Princely Lorenzo, who not scorned the gown,
But wreathed the scholar's with the statesman's crown,
With generous quest explored them, where they lay,
And gave each glorious vellum back to day.
They came, like heralds from some far-off clime
Of ancient fame, ambassadors from Time;
And who but burned to unseal their trusted lore,
And turn the high dispatches o'er and o'er?
Nay, then, 'twas held no scorn to copy out,
And pause, and pore, till texts were free from doubt;
Genius himself on such slow task might moil;
Where great the End, ne'er vulgar is the Toil.
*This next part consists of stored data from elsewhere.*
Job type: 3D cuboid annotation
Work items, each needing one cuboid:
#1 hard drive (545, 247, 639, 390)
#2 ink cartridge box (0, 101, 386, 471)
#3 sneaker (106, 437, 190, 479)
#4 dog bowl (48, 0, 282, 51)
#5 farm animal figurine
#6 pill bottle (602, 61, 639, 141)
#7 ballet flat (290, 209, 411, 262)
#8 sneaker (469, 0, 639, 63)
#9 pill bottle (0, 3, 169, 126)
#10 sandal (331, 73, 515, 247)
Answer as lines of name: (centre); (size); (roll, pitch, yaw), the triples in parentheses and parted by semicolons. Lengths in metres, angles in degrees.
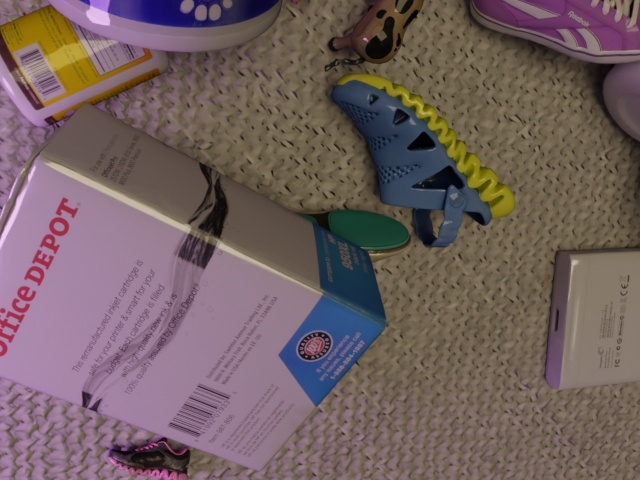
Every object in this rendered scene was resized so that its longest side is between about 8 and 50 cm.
hard drive: (0.561, 0.127, 1.034); (0.353, 0.047, 0.232); (-2, 101, -15)
ink cartridge box: (-0.169, 0.069, 0.709); (0.395, 0.166, 0.285); (28, 115, -19)
sneaker: (-0.240, 0.305, 0.850); (0.119, 0.047, 0.057); (20, 73, -19)
dog bowl: (-0.162, -0.320, 0.629); (0.265, 0.264, 0.104); (2, 141, -16)
farm animal figurine: (0.110, -0.407, 0.720); (0.327, 0.172, 0.330); (-28, 117, -15)
pill bottle: (0.593, -0.295, 0.890); (0.323, 0.181, 0.181); (-47, 109, -3)
ballet flat: (0.000, 0.000, 0.838); (0.249, 0.086, 0.086); (6, 99, -13)
sneaker: (0.346, -0.323, 0.776); (0.282, 0.161, 0.102); (12, 73, 4)
pill bottle: (-0.260, -0.227, 0.696); (0.215, 0.117, 0.117); (-28, 107, -9)
sandal: (0.130, -0.101, 0.832); (0.317, 0.126, 0.138); (41, 92, -17)
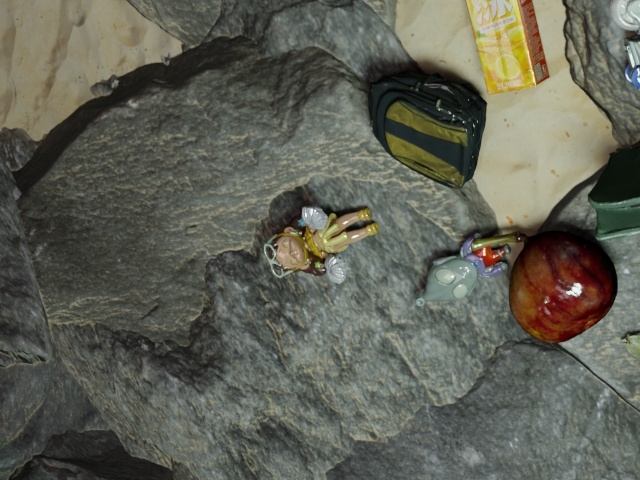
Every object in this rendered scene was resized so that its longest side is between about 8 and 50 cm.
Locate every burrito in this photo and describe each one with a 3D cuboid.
[{"bbox_3d":[0.634,0.214,1.790,0.188,0.045,0.058,23,117,24],"label":"burrito"}]

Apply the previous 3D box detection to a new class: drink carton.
[{"bbox_3d":[0.314,-0.369,1.691,0.096,0.071,0.223,-6,108,35],"label":"drink carton"}]

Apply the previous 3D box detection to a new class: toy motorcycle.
[{"bbox_3d":[0.538,-0.289,1.580,0.112,0.112,0.254,-11,107,36],"label":"toy motorcycle"}]

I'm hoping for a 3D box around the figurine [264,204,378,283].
[{"bbox_3d":[-0.001,0.000,2.052,0.240,0.116,0.175,-18,105,32],"label":"figurine"}]

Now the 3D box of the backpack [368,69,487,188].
[{"bbox_3d":[0.188,-0.217,1.820,0.258,0.133,0.206,26,133,27],"label":"backpack"}]

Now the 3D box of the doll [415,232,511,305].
[{"bbox_3d":[0.271,0.064,1.937,0.227,0.075,0.102,-36,100,28],"label":"doll"}]

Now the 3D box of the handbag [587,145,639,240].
[{"bbox_3d":[0.560,-0.097,1.549,0.247,0.260,0.079,-11,109,32],"label":"handbag"}]

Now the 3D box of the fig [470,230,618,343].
[{"bbox_3d":[0.418,0.050,1.787,0.204,0.186,0.250,113,142,-49],"label":"fig"}]
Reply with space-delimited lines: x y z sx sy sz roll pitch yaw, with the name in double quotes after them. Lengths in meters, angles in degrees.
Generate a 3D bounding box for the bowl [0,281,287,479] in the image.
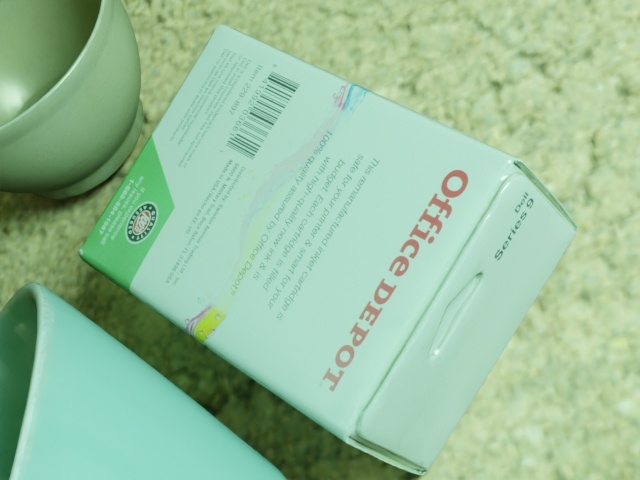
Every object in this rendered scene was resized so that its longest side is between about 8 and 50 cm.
-0.106 0.190 0.574 0.311 0.163 0.311 -55 23 38 "bowl"

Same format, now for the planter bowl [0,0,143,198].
-0.177 -0.093 0.812 0.162 0.109 0.162 -14 53 19 "planter bowl"

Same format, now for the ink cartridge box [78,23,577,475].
0.000 0.000 0.681 0.212 0.093 0.154 29 87 38 "ink cartridge box"
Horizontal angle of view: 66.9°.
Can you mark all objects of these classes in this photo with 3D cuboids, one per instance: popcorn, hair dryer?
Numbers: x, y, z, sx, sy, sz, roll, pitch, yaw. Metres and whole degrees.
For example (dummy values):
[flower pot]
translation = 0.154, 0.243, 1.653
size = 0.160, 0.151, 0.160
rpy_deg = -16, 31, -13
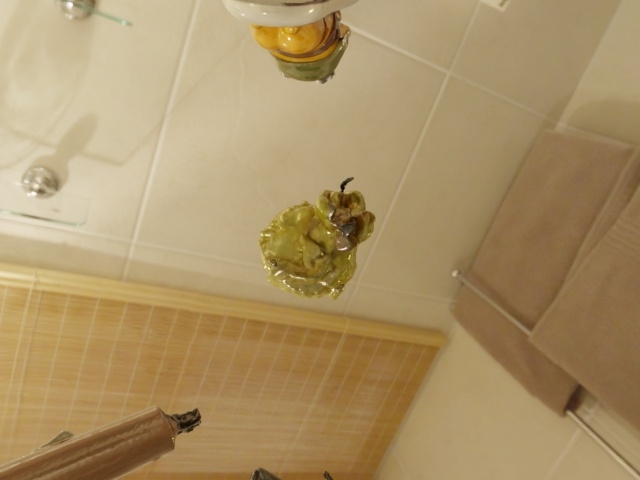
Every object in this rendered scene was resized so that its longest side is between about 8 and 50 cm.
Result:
[popcorn]
translation = -0.010, -0.004, 0.809
size = 0.169, 0.195, 0.173
rpy_deg = 28, -154, 10
[hair dryer]
translation = -0.154, 0.129, 0.271
size = 0.182, 0.064, 0.117
rpy_deg = -13, -112, -37

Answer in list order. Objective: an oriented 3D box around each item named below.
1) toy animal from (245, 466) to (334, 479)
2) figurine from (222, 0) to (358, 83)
[toy animal]
translation = -0.008, 0.208, 0.173
size = 0.146, 0.115, 0.245
rpy_deg = 40, -132, -13
[figurine]
translation = -0.038, -0.242, 0.578
size = 0.167, 0.140, 0.250
rpy_deg = 13, -141, 10
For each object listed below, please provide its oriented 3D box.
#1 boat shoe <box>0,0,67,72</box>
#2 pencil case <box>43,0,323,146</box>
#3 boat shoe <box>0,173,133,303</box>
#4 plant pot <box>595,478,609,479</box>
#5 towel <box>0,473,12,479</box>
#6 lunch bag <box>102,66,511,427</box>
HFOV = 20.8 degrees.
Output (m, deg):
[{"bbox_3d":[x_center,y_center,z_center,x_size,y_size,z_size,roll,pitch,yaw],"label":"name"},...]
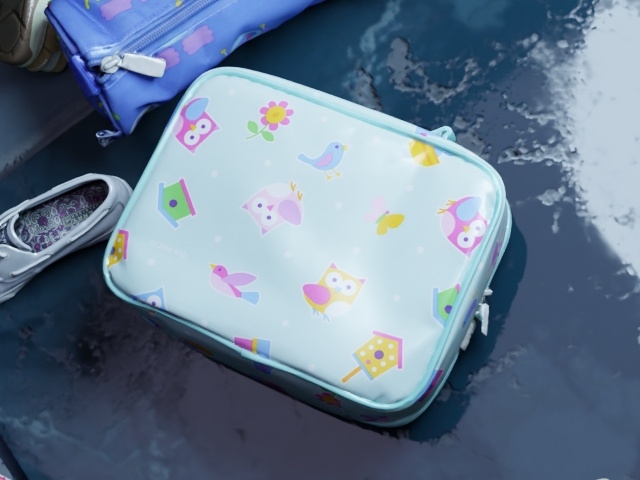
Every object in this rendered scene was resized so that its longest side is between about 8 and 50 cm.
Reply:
[{"bbox_3d":[-0.217,-0.231,1.422,0.068,0.072,0.190,14,91,44],"label":"boat shoe"},{"bbox_3d":[-0.068,-0.199,1.347,0.306,0.133,0.119,-30,107,2],"label":"pencil case"},{"bbox_3d":[-0.234,0.000,1.372,0.184,0.063,0.066,-21,74,6],"label":"boat shoe"},{"bbox_3d":[0.183,0.229,1.215,0.109,0.109,0.096,-17,62,8],"label":"plant pot"},{"bbox_3d":[-0.289,0.298,1.292,0.199,0.031,0.274,30,92,3],"label":"towel"},{"bbox_3d":[0.000,0.000,1.301,0.279,0.108,0.224,22,78,14],"label":"lunch bag"}]
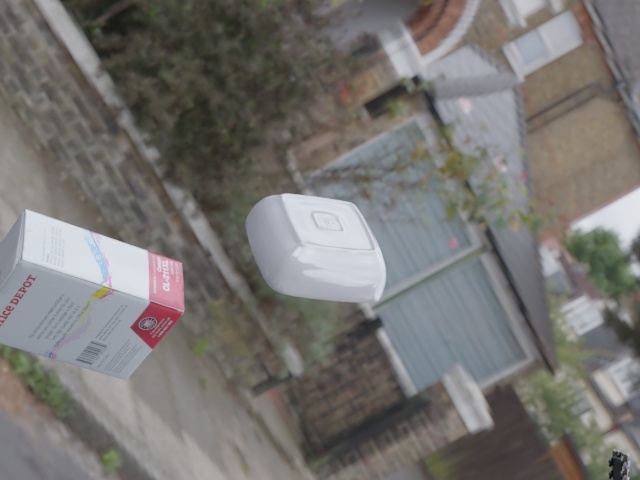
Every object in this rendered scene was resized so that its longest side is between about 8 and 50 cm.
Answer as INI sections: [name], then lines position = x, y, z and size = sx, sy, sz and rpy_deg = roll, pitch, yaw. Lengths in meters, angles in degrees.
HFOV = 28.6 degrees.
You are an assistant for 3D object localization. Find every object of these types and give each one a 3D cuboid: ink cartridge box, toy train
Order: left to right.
[ink cartridge box]
position = -0.242, 0.056, 1.244
size = 0.175, 0.127, 0.072
rpy_deg = 21, 41, -28
[toy train]
position = 0.417, 0.352, 1.742
size = 0.027, 0.036, 0.158
rpy_deg = 16, -54, 34

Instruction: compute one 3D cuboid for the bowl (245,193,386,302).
[bowl]
position = 0.000, 0.000, 1.335
size = 0.142, 0.142, 0.053
rpy_deg = -113, -142, -49
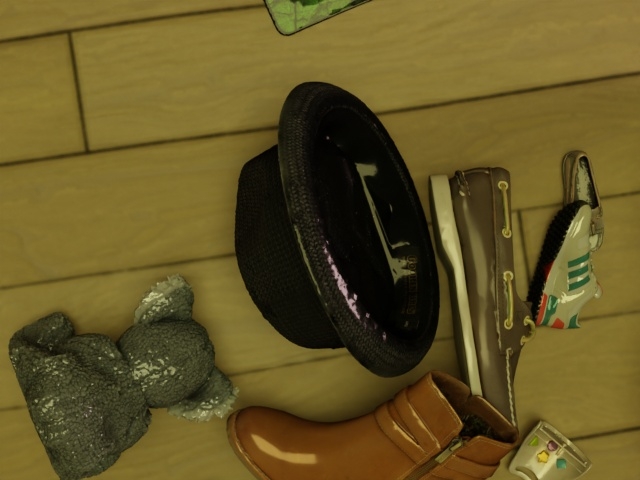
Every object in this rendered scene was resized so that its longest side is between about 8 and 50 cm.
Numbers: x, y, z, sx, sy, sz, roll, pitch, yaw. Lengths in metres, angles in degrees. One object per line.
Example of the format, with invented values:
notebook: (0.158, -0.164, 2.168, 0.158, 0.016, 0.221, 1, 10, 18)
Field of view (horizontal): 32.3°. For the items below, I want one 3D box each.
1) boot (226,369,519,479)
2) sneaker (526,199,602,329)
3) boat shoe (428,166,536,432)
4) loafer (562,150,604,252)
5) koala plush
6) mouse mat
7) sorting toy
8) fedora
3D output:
boot: (0.058, 0.219, 1.230, 0.283, 0.109, 0.220, 33, 127, -7)
sneaker: (0.302, 0.032, 1.311, 0.075, 0.057, 0.161, 14, 103, -10)
boat shoe: (0.198, 0.076, 1.284, 0.097, 0.116, 0.324, -10, 87, 0)
loafer: (0.314, -0.046, 1.320, 0.045, 0.039, 0.125, -10, 92, -2)
koala plush: (-0.214, 0.155, 1.238, 0.221, 0.203, 0.196, -22, 93, -14)
mouse mat: (0.009, -0.345, 1.311, 0.190, 0.007, 0.152, -24, 93, -3)
sorting toy: (0.268, 0.264, 1.330, 0.083, 0.045, 0.075, 40, 97, -4)
fedora: (0.000, 0.000, 1.225, 0.153, 0.334, 0.334, -20, 93, 28)
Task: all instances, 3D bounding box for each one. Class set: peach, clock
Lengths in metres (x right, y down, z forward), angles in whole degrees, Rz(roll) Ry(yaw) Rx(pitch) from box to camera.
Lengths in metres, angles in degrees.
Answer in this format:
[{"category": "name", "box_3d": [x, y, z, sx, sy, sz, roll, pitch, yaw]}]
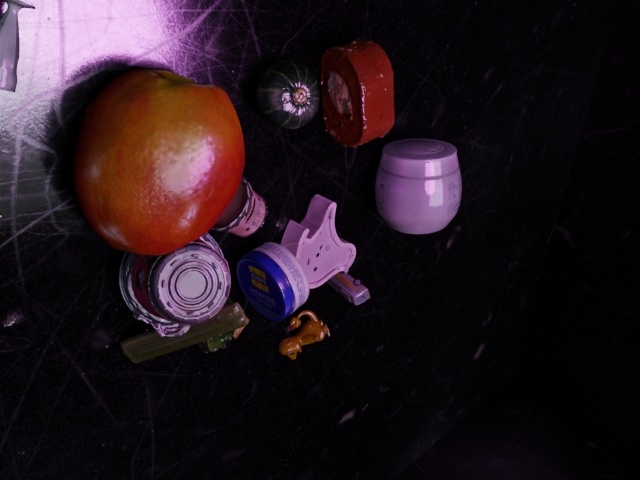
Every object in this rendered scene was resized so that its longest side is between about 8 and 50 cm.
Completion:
[{"category": "peach", "box_3d": [-0.333, -0.146, 1.240, 0.306, 0.243, 0.380, -14, 124, -48]}, {"category": "clock", "box_3d": [0.000, 0.000, 1.836, 0.276, 0.080, 0.290, -15, 126, -42]}]

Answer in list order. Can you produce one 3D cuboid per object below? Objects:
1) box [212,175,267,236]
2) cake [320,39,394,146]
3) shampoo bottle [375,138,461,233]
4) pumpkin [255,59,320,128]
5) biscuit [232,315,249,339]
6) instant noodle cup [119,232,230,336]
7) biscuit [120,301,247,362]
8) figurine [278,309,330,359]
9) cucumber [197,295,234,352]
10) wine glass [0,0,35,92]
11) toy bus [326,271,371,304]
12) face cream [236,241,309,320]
[{"category": "box", "box_3d": [-0.214, -0.083, 1.493, 0.151, 0.151, 0.135, -59, 151, -1]}, {"category": "cake", "box_3d": [0.104, -0.389, 1.611, 0.151, 0.177, 0.282, -27, 131, -35]}, {"category": "shampoo bottle", "box_3d": [0.309, -0.179, 1.902, 0.273, 0.273, 0.266, -24, 122, -37]}, {"category": "pumpkin", "box_3d": [-0.080, -0.358, 1.468, 0.167, 0.125, 0.167, -17, 124, -27]}, {"category": "biscuit", "box_3d": [-0.254, 0.249, 1.767, 0.081, 0.018, 0.083, -52, 143, -9]}, {"category": "instant noodle cup", "box_3d": [-0.317, 0.090, 1.383, 0.259, 0.182, 0.302, -12, 100, -27]}, {"category": "biscuit", "box_3d": [-0.348, 0.237, 1.529, 0.323, 0.038, 0.099, -19, 133, -5]}, {"category": "figurine", "box_3d": [-0.068, 0.306, 1.970, 0.176, 0.121, 0.122, -37, 110, -12]}, {"category": "cucumber", "box_3d": [-0.300, 0.149, 1.587, 0.145, 0.105, 0.325, -35, 134, -26]}, {"category": "wine glass", "box_3d": [-0.538, -0.336, 1.021, 0.073, 0.073, 0.154, 12, 102, -51]}, {"category": "toy bus", "box_3d": [0.085, 0.143, 1.949, 0.072, 0.172, 0.057, -36, 137, -19]}, {"category": "face cream", "box_3d": [-0.130, 0.110, 1.661, 0.111, 0.206, 0.205, -35, 137, -35]}]
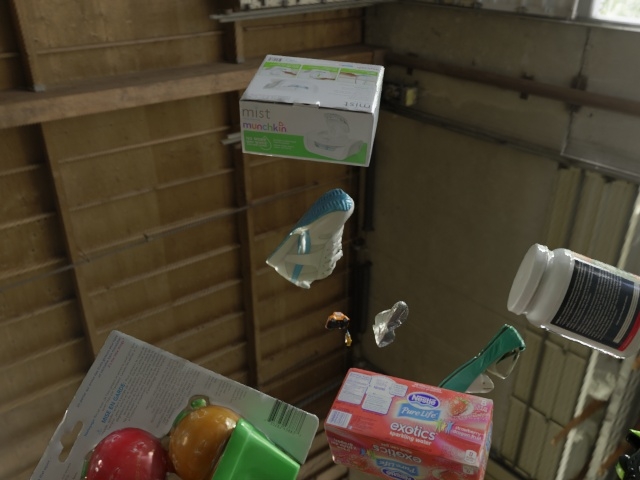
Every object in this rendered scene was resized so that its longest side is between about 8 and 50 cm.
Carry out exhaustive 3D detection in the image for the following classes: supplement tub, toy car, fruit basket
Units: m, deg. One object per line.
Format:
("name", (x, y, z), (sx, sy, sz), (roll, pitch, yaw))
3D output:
("supplement tub", (0.586, 0.132, 1.314), (0.191, 0.272, 0.191), (22, -90, -81))
("toy car", (0.044, 0.223, 1.476), (0.060, 0.041, 0.122), (-12, -44, -4))
("fruit basket", (-0.221, 0.345, 0.840), (0.165, 0.352, 0.327), (88, -157, -67))

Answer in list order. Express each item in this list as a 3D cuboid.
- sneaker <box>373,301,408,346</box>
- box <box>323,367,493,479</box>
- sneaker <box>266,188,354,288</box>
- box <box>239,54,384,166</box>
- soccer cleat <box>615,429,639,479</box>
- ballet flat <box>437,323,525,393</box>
("sneaker", (0.157, 0.187, 1.368), (0.053, 0.061, 0.152), (-6, -40, -28))
("box", (0.177, 0.380, 1.153), (0.154, 0.299, 0.142), (-59, -33, -43))
("sneaker", (0.000, 0.000, 0.921), (0.087, 0.092, 0.228), (-53, 5, -36))
("box", (-0.011, -0.276, 1.203), (0.231, 0.261, 0.127), (-77, -8, -49))
("soccer cleat", (0.425, 0.327, 0.764), (0.179, 0.072, 0.060), (-48, -35, -46))
("ballet flat", (0.380, 0.293, 1.332), (0.247, 0.087, 0.083), (-36, -27, -17))

Oh matchless line of years, whose generous strife
Reared man's reviving mind to perfect life.
Then Petrarch's native lay refined on love;
Then Angelo the' impetuous chisel drove;
Then Oracles, that stirred young Raphael's breast,
Spoke forth in colours, clear as words, exprest;

And Learning, made no coldly gainful art,
Was Sacrifice, and offered from the heart.

When first, our questing age to scourge or bless,
Ingenious Faust had framed the wondrous press,
And taught to each, intent on good or ill,
To waft on volant leaf the thought at will,
Along the skies what dubious omen sailed,
What prophecy or greeted, or bewailed?
Or who might guess from whence the power was given,
Upsent—from hell—to tempt, or dropt—in love—from heaven?

Come back, long-toiling Faust! come back and see
The produce of thy Good-and-Evil tree;
Count o'er its mingled fruits of joy and pain,
Then say if thou wouldst plant it o'er again!
Thou too, wise Caliph Omar! who art said
All Alexandria's ovens to have fed,
Visit our shelves once more. Where'er we look
Pamphlet on pamphlet, book buds out on book;
Turn wheresoe'er we will, new volumes sprout;
Some of fair promise; most lack clearing out.

Come, then, thou Critic-Caliph—come again,
Nor decimate; but take the nine in ten!

B. —The ground thus cleared, you plant your own instead,
And shrewdly gain one chance of being read.